Assume a virtual population where each individual produces a single event time (or an ordered outcome value).

Simulation results are provided as a numeric vector:

using Random
sim_times = randexp(1000)

Each simulated value is assigned to one of the survival intervals defined by the experimental data. The resulting interval counts are used to compute the mismatch.

To compute the loss, we can use the mismatch function:

loss = mismatch(sim_times, s_metric)

Mathematics

Let reported survival levels be

\[1 \ge s_1 > s_2 > \dots > s_m \ge 0\]

with corresponding ordered values

\[v_1 < v_2 < \dots < v_m.\]

These values define m+1 disjoint intervals:

\[(-\infty, v_1),\; [v_1, v_2),\; \dots,\; [v_m, +\infty).\]

The associated interval probabilities are derived as differences of successive survival levels:

\[p_1 = 1 - s_1,\quad p_i = s_{i-1} - s_i\; (i=2,\dots,m),\quad p_{m+1} = s_m.\]

For a virtual population of size N, simulated values produce counts

\[\vec{k} = (k_1, \dots, k_{m+1}), \quad \sum_i k_i = N.\]

Under this construction, interval counts follow a multinomial distribution. As in CategoryMetric and QuantileMetric, a Gaussian approximation of the multinomial likelihood is used, leading to the quadratic loss:

\[\Lambda \approx (\vec{k} - N\vec{p})^T \Sigma'^{-1} (\vec{k} - N\vec{p}),\]

where

\[\Sigma' = N (\mathrm{diag}(\vec{p}) - \vec{p}\vec{p}^T).\]

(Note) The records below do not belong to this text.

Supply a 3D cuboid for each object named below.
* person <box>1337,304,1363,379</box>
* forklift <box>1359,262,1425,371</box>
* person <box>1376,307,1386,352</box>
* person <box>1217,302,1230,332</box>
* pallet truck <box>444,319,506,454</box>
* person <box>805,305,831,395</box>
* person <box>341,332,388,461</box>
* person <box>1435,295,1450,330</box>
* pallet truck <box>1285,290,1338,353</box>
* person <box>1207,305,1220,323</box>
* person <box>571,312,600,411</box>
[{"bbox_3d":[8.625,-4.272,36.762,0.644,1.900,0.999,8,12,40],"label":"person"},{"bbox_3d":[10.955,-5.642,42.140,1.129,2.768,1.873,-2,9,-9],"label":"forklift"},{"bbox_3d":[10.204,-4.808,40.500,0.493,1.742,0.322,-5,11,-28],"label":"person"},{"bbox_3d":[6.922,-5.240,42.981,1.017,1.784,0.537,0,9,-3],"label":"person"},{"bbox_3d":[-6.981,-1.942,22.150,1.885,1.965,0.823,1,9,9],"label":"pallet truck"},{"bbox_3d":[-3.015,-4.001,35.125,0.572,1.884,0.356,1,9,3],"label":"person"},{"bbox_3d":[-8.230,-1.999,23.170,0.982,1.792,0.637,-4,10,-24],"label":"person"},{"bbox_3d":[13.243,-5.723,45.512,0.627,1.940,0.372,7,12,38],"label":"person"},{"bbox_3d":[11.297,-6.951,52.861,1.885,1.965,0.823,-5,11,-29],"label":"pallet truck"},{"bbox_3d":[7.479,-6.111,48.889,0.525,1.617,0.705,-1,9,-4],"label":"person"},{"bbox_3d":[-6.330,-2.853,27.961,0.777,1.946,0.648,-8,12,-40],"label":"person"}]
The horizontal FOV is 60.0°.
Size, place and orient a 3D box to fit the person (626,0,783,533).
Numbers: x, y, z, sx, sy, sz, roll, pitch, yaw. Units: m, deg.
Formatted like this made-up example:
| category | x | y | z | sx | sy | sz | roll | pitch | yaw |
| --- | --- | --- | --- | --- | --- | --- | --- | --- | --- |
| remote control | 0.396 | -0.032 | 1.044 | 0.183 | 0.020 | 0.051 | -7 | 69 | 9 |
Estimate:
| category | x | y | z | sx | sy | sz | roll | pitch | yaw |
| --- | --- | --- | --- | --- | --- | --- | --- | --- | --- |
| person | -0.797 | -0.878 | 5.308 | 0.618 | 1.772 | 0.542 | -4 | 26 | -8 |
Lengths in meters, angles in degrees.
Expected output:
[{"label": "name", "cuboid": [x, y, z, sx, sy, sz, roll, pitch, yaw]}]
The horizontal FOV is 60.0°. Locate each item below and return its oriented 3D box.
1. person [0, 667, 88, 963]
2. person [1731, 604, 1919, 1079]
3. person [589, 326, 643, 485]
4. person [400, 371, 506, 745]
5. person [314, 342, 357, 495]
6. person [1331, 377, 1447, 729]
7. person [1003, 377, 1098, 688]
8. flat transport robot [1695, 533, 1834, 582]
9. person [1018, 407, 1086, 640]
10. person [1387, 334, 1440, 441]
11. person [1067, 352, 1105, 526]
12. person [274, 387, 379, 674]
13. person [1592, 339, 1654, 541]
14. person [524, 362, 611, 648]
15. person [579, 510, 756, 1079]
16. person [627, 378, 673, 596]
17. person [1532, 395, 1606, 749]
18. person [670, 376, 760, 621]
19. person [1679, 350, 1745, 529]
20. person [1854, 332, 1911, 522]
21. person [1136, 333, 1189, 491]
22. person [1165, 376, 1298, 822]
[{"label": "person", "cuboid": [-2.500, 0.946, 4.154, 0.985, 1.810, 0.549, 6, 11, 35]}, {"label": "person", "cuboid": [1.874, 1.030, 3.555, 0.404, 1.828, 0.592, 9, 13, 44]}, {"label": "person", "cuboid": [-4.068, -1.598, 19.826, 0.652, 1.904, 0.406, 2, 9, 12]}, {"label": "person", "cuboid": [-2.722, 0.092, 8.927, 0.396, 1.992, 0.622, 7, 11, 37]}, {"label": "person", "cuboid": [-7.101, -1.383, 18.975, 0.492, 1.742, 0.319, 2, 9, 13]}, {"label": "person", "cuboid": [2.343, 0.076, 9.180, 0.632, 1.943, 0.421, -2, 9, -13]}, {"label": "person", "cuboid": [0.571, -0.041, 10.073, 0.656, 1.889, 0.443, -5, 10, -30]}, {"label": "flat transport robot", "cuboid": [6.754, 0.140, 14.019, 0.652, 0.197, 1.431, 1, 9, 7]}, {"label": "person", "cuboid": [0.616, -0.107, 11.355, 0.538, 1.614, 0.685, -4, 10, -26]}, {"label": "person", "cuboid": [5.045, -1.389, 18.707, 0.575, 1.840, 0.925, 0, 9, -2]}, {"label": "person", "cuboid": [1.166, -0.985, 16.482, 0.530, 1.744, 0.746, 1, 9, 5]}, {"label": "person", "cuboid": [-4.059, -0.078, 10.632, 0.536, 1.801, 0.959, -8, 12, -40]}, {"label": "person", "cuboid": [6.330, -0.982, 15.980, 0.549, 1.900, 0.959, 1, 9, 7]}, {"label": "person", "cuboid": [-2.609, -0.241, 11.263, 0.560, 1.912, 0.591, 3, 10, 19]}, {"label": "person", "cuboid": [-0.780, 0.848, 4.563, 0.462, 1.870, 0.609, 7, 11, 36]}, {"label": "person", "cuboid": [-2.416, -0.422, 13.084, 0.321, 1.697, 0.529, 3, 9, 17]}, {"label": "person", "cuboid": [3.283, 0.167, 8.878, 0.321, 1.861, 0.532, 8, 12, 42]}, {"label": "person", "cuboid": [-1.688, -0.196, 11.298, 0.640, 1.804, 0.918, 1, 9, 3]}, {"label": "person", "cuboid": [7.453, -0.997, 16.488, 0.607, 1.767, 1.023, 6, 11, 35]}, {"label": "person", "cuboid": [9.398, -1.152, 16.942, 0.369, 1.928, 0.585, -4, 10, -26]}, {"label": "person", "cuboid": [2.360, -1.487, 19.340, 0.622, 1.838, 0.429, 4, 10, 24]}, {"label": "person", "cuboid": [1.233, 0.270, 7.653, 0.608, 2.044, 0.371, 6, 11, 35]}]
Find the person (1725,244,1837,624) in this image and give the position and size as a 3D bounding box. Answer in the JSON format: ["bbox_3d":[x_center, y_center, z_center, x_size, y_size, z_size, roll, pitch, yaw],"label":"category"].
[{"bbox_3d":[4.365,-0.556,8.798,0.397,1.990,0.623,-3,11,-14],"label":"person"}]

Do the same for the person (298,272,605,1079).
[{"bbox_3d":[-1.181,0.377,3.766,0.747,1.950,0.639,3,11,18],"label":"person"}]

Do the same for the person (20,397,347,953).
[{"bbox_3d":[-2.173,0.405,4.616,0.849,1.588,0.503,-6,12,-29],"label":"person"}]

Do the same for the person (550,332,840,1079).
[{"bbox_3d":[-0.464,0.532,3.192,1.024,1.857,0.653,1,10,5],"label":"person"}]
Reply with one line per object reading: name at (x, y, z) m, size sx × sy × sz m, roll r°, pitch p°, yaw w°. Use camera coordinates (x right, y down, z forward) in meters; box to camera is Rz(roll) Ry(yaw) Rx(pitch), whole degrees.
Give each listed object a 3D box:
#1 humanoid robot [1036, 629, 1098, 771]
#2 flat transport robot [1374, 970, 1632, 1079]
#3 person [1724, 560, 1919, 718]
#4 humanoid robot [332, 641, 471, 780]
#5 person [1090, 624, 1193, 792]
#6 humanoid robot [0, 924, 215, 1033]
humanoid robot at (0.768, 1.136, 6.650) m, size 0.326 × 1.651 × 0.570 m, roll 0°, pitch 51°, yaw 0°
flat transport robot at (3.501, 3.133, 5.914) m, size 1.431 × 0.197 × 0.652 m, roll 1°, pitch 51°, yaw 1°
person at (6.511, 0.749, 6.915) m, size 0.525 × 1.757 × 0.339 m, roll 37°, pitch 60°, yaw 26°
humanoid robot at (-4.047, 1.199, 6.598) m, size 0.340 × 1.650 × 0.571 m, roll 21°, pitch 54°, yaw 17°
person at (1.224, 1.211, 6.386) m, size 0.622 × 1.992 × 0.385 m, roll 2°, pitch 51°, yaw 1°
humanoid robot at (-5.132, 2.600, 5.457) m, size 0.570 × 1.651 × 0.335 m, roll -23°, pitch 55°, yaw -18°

One interval is removed to eliminate linear dependence, and the reduced quadratic form is evaluated.

Practical notes

  • Survival information is treated as cumulative probability data, without assuming a specific hazard or time model.
  • The resulting loss is a Gaussian approximation of a likelihood and can be combined with other likelihood-based metrics.
  • The quadratic form enables use in optimization and mixed-integer quadratic programming workflows.